Artık condotto'ün İtalyan içindeki anlamı hakkında daha fazla bilgi sahibi olduğunuza göre, seçilen örnekler aracılığıyla bunların nasıl kullanılacağını ve nasıl yapılacağını öğrenebilirsiniz. onları okuyun. Ve önerdiğimiz ilgili kelimeleri öğrenmeyi unutmayın. Web sitemiz sürekli olarak yeni kelimeler ve yeni örneklerle güncellenmektedir, böylece bilmediğiniz diğer kelimelerin anlamlarını İtalyan içinde arayabilirsiniz.

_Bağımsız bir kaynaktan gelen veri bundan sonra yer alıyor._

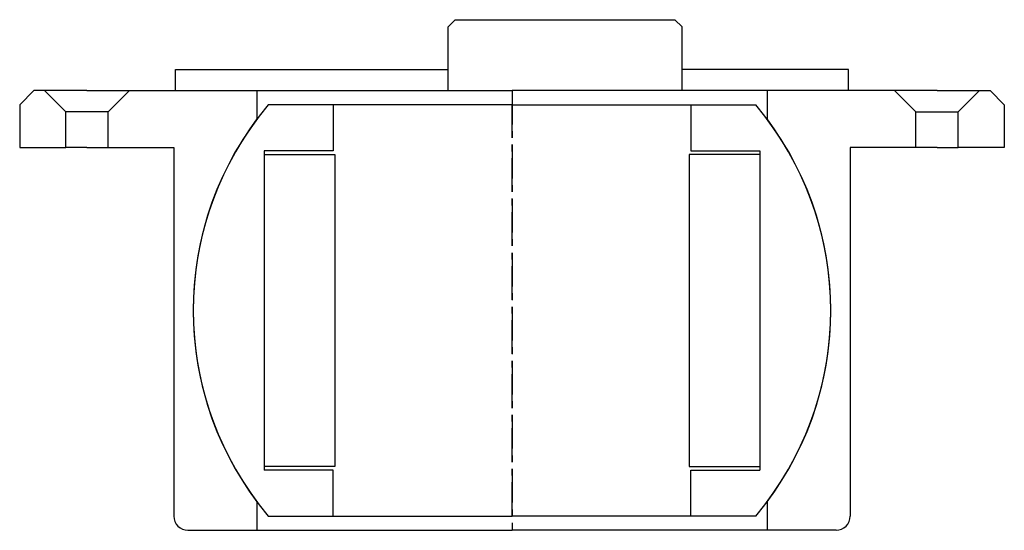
# Model space of a CAD drawing. Header units: millimetres. Extents: x -70 to 70, y -54 to 18.
import ezdxf

# ---------------------------------------------------------------- set-up
doc = ezdxf.new("R2010")
doc.units = ezdxf.units.MM
doc.header["$LTSCALE"] = 0.15
doc.header["$MEASUREMENT"] = 0
doc.linetypes.add('CENTER', pattern=[50.8, 31.75, -6.35, 6.35, -6.35])
doc.layers.get('0').update_dxf_attribs({"linetype": 'CONTINUOUS'})
doc.layers.add('CENTER', color=1, linetype='CENTER')

# ---------------------------------------------------------------- blocks, each defined once
blk = doc.blocks.new('Ball-050090')
for p, q in [((0, 29), (-34.41, 29)), ((-25.25, 29), (-25.25, 22.5)), ((0, 29), (34.41, 29)), ((25.25, 29), (25.25, 22.5)), ((-35, 22.5), (-35, -22.5)), ((-25.25, 22.5), (-35, 22.5)), ((25.25, 22.5), (35, 22.5)), ((35, 22.5), (35, -22.5)), ((-35, 22), (-25, 22)), ((-25, 22), (-25, -22)), ((25, 22), (25, -22)), ((35, 22), (25, 22)), ((-25, -22), (-35, -22)), ((25, -22), (35, -22)), ((-25.25, -22.5), (-35, -22.5)), ((-25.25, -29), (-25.25, -22.5)), ((25.25, -22.5), (35, -22.5)), ((25.25, -29), (25.25, -22.5)), ((-34.41, -29), (0, -29)), ((34.41, -29), (0, -29))]:
    blk.add_line(p, q)
for start, end in [(139.876, 220.124), (319.876, 40.124)]:
    blk.add_arc((0, 0), 45, start, end)
at = {"layer": 'CENTER'}
blk.add_line((0, -29), (0, 29), dxfattribs=at)
blk = doc.blocks.new('5T050STP-HOUSE')
for p, q in [((-8, 41), (-9, 40)), ((-8, 41), (23, 41)), ((24, 40), (23, 41)), ((-9, 31), (-9, 40)), ((24, 31), (24, 40)), ((-47.5, 31), (-47.5, 34)), ((-47.5, 34), (-9, 34)), ((47.5, 34), (24, 34)), ((47.5, 31), (47.5, 34)), ((-36, 31), (0, 31)), ((36, 31), (0, 31)), ((-36, -31), (0, -31)), ((36, -31), (0, -31))]:
    blk.add_line(p, q)
at = {"linetype": 'Continuous'}
for p, q in [((-67.5, 31), (-69.5, 29)), ((-66, 31), (-67.5, 31)), ((-66, 31), (-63, 28)), ((-60, 31), (-66, 31)), ((-60, 31), (-54, 31)), ((-54, 31), (-57, 28)), ((-54, 31), (-36, 31)), ((-36, 31), (-36, 27)), ((54, 31), (36, 31)), ((36, 31), (36, 27)), ((60, 31), (54, 31)), ((54, 31), (57, 28)), ((60, 31), (66, 31)), ((66, 31), (63, 28)), ((66, 31), (67.5, 31)), ((67.5, 31), (69.5, 29)), ((-69.5, 29), (-69.5, 23)), ((-63, 23), (-63, 28)), ((-57, 28), (-63, 28)), ((-57, 23), (-57, 28)), ((57, 28), (63, 28)), ((57, 23), (57, 28)), ((63, 23), (63, 28)), ((69.5, 29), (69.5, 23)), ((-69.5, 23), (-63, 23)), ((-60, 23), (-63, 23)), ((-60, 23), (-57, 23)), ((-57, 23), (-47.75, 23)), ((-47.75, 23), (-47.75, -29)), ((47.75, 23), (47.75, -29)), ((57, 23), (47.75, 23)), ((60, 23), (57, 23)), ((60, 23), (63, 23)), ((69.5, 23), (63, 23)), ((-36, -27), (-36, -31)), ((36, -27), (36, -31)), ((-45.75, -31), (-36, -31)), ((45.75, -31), (36, -31))]:
    blk.add_line(p, q, dxfattribs=at)
for start, end in [(143.1301, 216.8699), (323.1301, 36.8699)]:
    blk.add_arc((0, 0), 45, start, end)
for centre, start, end in [((-45.75, -29), 180, 270), ((45.75, -29), 270, 0)]:
    blk.add_arc(centre, 2, start, end, dxfattribs=at)
at = {"layer": 'CENTER'}
blk.add_line((0, 31), (0, -31), dxfattribs=at)

msp = doc.modelspace()

# ---------------------------------------------------------------- block references
for name in ['5T050STP-HOUSE', 'Ball-050090']:
    msp.add_blockref(name, (0, -23))

doc.saveas('drawing.dxf')

İtalyan hakkında bilginiz var mı

İtalyan (italiano) bir Roman dilidir ve çoğu İtalya'da yaşayan yaklaşık 70 milyon insan tarafından konuşulmaktadır. İtalyanca Latin alfabesini kullanır. J, K, W, X ve Y harfleri standart İtalyan alfabesinde yoktur, ancak yine de İtalyancadan ödünç alınan kelimelerde görünürler. İtalyanca, 67 milyon kişiyle (AB nüfusunun %15'i) Avrupa Birliği'nde en çok konuşulan ikinci dildir ve 13.4 milyon AB vatandaşı (%3) tarafından ikinci dil olarak konuşulmaktadır. İtalyanca, Vatikan'ın başlıca çalışma dilidir ve Roma Katolik hiyerarşisinde lingua franca olarak hizmet eder. İtalyanların yayılmasına yardımcı olan önemli bir olay, Napolyon'un 19. yüzyılın başlarında İtalya'yı fethi ve işgaliydi. Bu fetih, birkaç on yıl sonra İtalya'nın birleşmesini teşvik etti ve İtalyan dilinin dilini zorladı. İtalyanca, yalnızca sekreterler, aristokratlar ve İtalyan mahkemeleri arasında değil, aynı zamanda burjuvazi tarafından da kullanılan bir dil haline geldi.